(INSTRUCTIONS TO FOLLOW) Leave the pictures out while you restate every entry below word for word.

(Records contained in a dataset)
◇ ◇ ◇ ◇

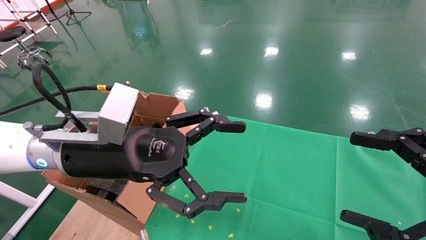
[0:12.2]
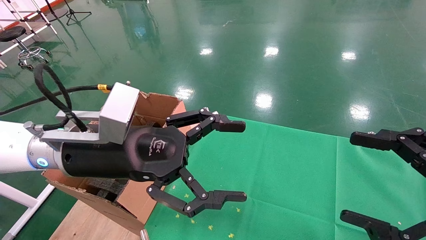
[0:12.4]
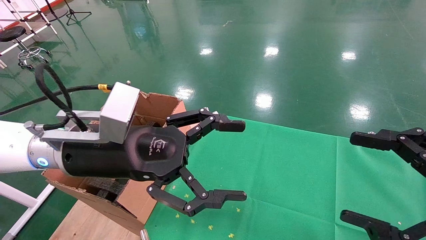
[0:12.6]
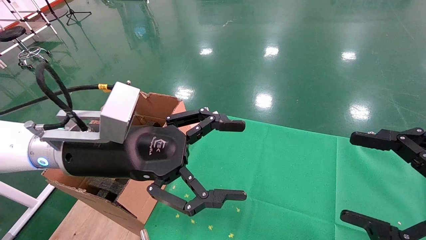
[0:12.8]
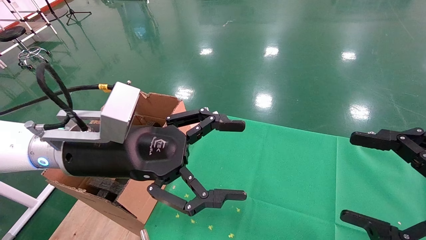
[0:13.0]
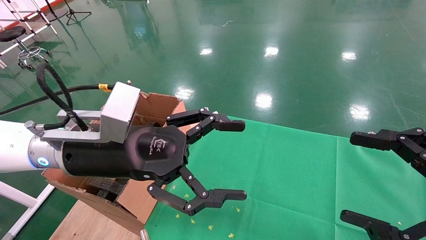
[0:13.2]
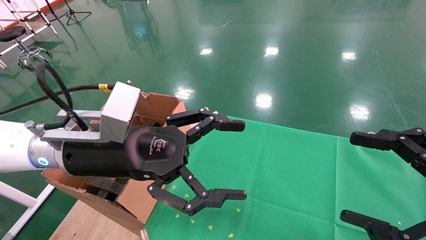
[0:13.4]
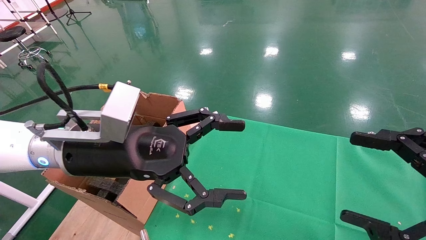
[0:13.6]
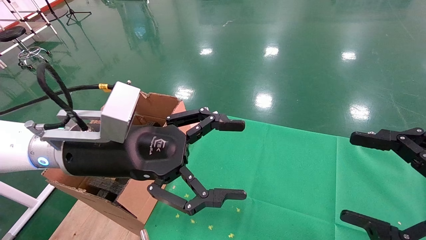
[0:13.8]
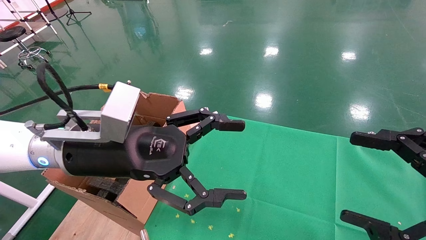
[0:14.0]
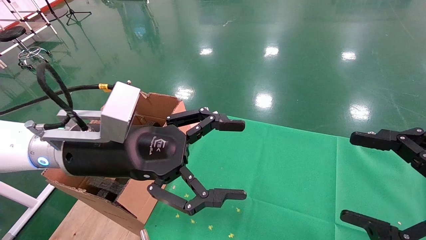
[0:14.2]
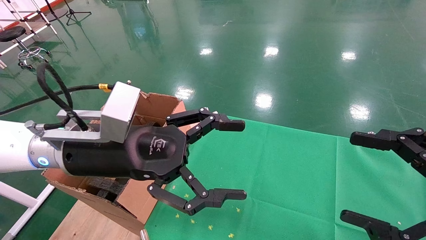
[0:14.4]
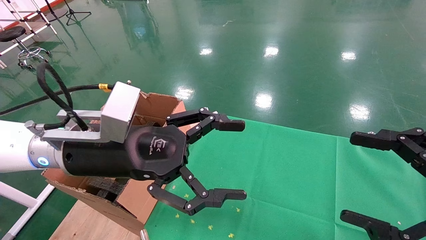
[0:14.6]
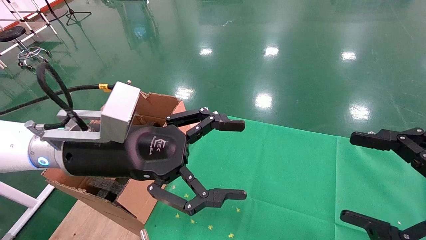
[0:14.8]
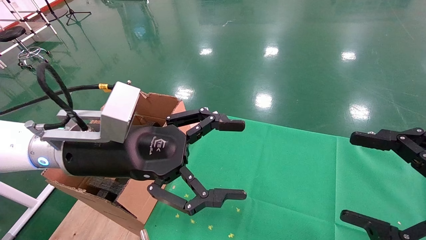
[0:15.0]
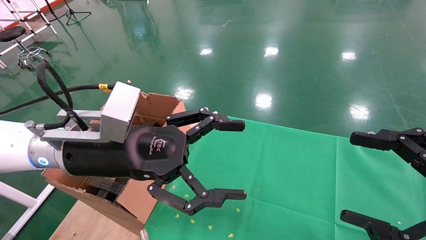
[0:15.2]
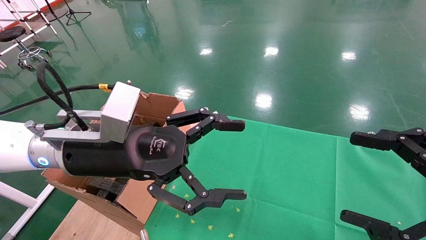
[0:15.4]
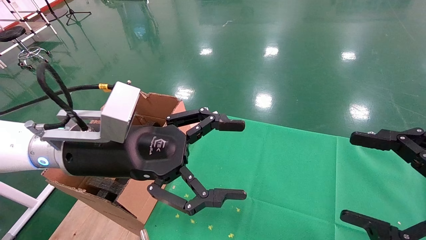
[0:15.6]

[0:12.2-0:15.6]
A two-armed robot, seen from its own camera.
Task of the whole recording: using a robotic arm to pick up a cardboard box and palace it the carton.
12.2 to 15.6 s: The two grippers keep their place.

◇ ◇ ◇ ◇

(PROBLEM SOLUTION)
[0:12.2]
[0:12.4]
[0:12.6]
[0:12.8]
[0:13.0]
[0:13.2]
[0:13.4]
[0:13.6]
[0:13.8]
[0:14.0]
[0:14.2]
[0:14.4]
[0:14.6]
[0:14.8]
[0:15.0]
[0:15.2]
[0:15.4]
[0:15.6]

[0:12.2-0:15.6]
A two-armed robot, seen from its own camera.
Task of the whole recording: using a robotic arm to pick up a cardboard box and palace it the carton.
12.2 to 15.6 s: The two grippers keep their place.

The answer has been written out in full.